Bonfanti M, Magagnotti C, Galli A, Bagnati R, Moret M, Gariboldi P, Fanelli R, Airoldi L
Laboratorio di Farmacologia e Tossicologia Ambientali, Istituto di Ricerche Farmacologiche, Mario Negri, Milan, Italy.

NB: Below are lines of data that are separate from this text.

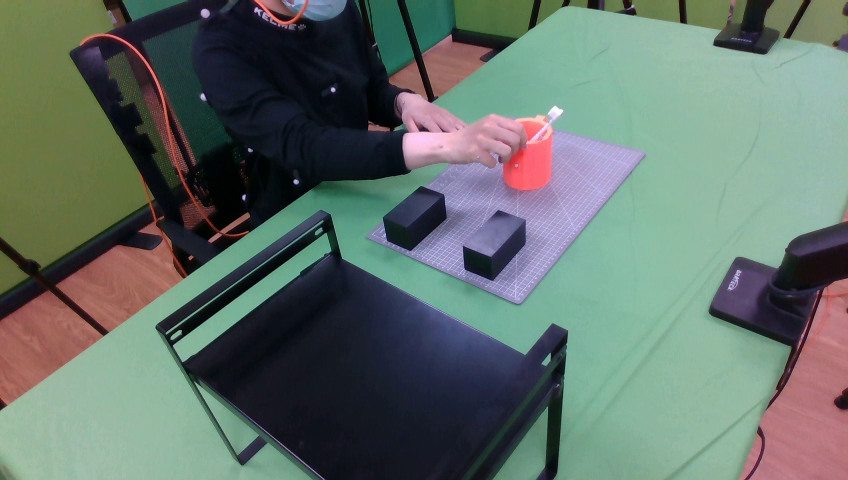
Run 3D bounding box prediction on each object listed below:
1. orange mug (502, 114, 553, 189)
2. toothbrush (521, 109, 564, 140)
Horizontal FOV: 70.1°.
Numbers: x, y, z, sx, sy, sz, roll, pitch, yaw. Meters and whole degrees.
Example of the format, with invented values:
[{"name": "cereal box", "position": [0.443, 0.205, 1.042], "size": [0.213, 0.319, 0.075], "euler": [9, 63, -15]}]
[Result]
[{"name": "orange mug", "position": [0.190, -0.164, 1.071], "size": [0.083, 0.101, 0.126], "euler": [16, 50, 25]}, {"name": "toothbrush", "position": [0.185, -0.181, 1.016], "size": [0.017, 0.181, 0.014], "euler": [-4, 81, -16]}]
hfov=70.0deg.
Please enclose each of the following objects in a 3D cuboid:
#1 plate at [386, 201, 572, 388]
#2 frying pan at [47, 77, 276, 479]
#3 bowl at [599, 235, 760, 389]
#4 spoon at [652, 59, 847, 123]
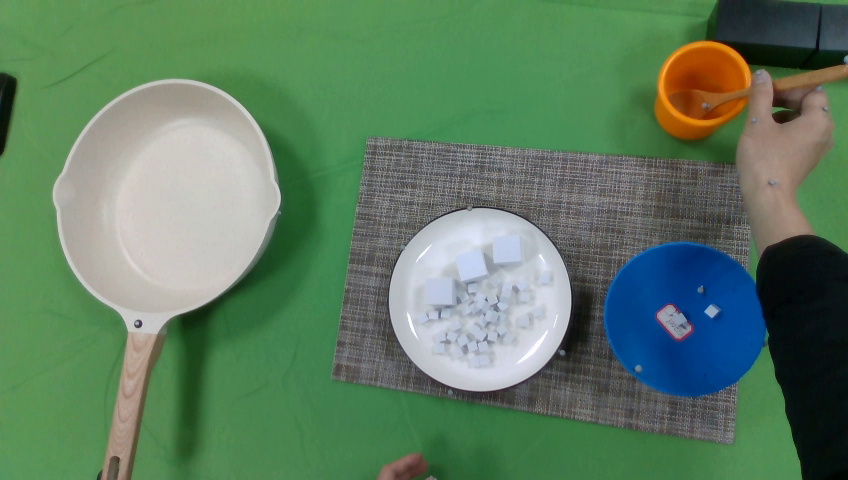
[{"bbox_3d":[0.061,0.061,0.687,0.207,0.039,0.207,-1,83,11],"label":"plate"},{"bbox_3d":[-0.328,0.047,0.733,0.306,0.103,0.485,4,75,12],"label":"frying pan"},{"bbox_3d":[0.254,0.075,0.626,0.151,0.077,0.151,-1,82,10],"label":"bowl"},{"bbox_3d":[0.317,-0.151,0.610,0.022,0.192,0.041,1,89,-31],"label":"spoon"}]

Cancer Res. 1990 Nov 1;50(21):6870-5.
A sensitive, specific, and rapid method for quantitating the minor adduct O6-butylguanine (O6BuG) in hydrolyzed DNA has been developed by combining immunoaffinity chromatography and high resolution gas chromatography-negative ion chemical ionization-mass spectrometry. Polyclonal antibodies raised against O6BuG were coupled to CNBr-activated Sepharose 4B and used for sample clean-up and extraction of the specific O6-alkylguanine. After addition of O6BuG and its deuterium labeled analogue (O6BuG-D7), used as internal standard, hydrolyzed DNA was applied on the immunoaffinity column and washed with water, and the immunoadsorbed butylated guanines were eluted with acetone/water cetome/water (95/5) before gas chromatographic derivatization. O6BuG and O6BuG-D7 were analyzed and quantitated by high resolution gas chromatography-negative ion chemical ionization-mass spectrometry as their pentafluorobenzyl-trimethylsilyl derivatives. Immunoaffinity column capacity and O6BuG recovery from this column were 1.53 nmol O6BuG/column and 62 +/- 5%, respectively. The method was applied to evaluate O6BuG levels in DNA butylated in vitro with 10 mM N-nitroso-Nr-butylurea or isolated from rats given an i.p. dose of 185 mg/kg N-nitroso-N-butylurea or N-nitrosodibutylamine. In the first case the level of modifications present in calf thymus DNA was 104 mumol O6BuG/mol guanine, and in the second case O6BuG in liver DNA was about 6 times higher after N-nitroso-N-butylurea (2.11 mumol O6BuG/mol guanine) than after N-nitrosodibutylamine (0.34 mumol O6BuG/mol guanine) treatment. These results indicate that O6BuG formed in vivo can be isolated and quantitated by this method, which may also be useful for studying DNA damage and repair mechanisms.
通过结合免疫亲和色谱法和高分辨率气相色谱 - 负离子化学电离质谱法,已开发出一种灵敏、特异且快速的方法,用于定量水解DNA中的微量加合物O6 - 丁基鸟嘌呤(O6BuG)。针对O6BuG产生的多克隆抗体与溴化氰活化的琼脂糖4B偶联,用于样品净化和特异性O6 - 烷基鸟嘌呤的提取。加入O6BuG及其氘代类似物(O6BuG - D7)作为内标后,将水解的DNA应用于免疫亲和柱,用水洗涤,然后用丙酮/水(95/5)洗脱免疫吸附的丁基化鸟嘌呤,再进行气相色谱衍生化。O6BuG和O6BuG - D7作为其五氟苄基 - 三甲基硅烷基衍生物,通过高分辨率气相色谱 - 负离子化学电离质谱法进行分析和定量。免疫亲和柱容量和从该柱中回收的O6BuG分别为1.53 nmol O6BuG/柱和62±5%。该方法用于评估体外经10 mM N - 亚硝基 - N - 丁基脲丁基化的DNA中O6BuG的水平,或从腹腔注射剂量为185 mg/kg N - 亚硝基 - N - 丁基脲或N - 亚硝基二丁胺的大鼠中分离出的DNA中O6BuG的水平。在第一种情况下,小牛胸腺DNA中存在的修饰水平为104 μmol O6BuG/mol鸟嘌呤,在第二种情况下,肝脏DNA中的O6BuG在N - 亚硝基 - N - 丁基脲处理后(2.11 μmol O6BuG/mol鸟嘌呤)比N - 亚硝基二丁胺处理后(0.34 μmol O6BuG/mol鸟嘌呤)高约6倍。这些结果表明,体内形成的O6BuG可以通过该方法分离和定量,该方法也可能有助于研究DNA损伤和修复机制。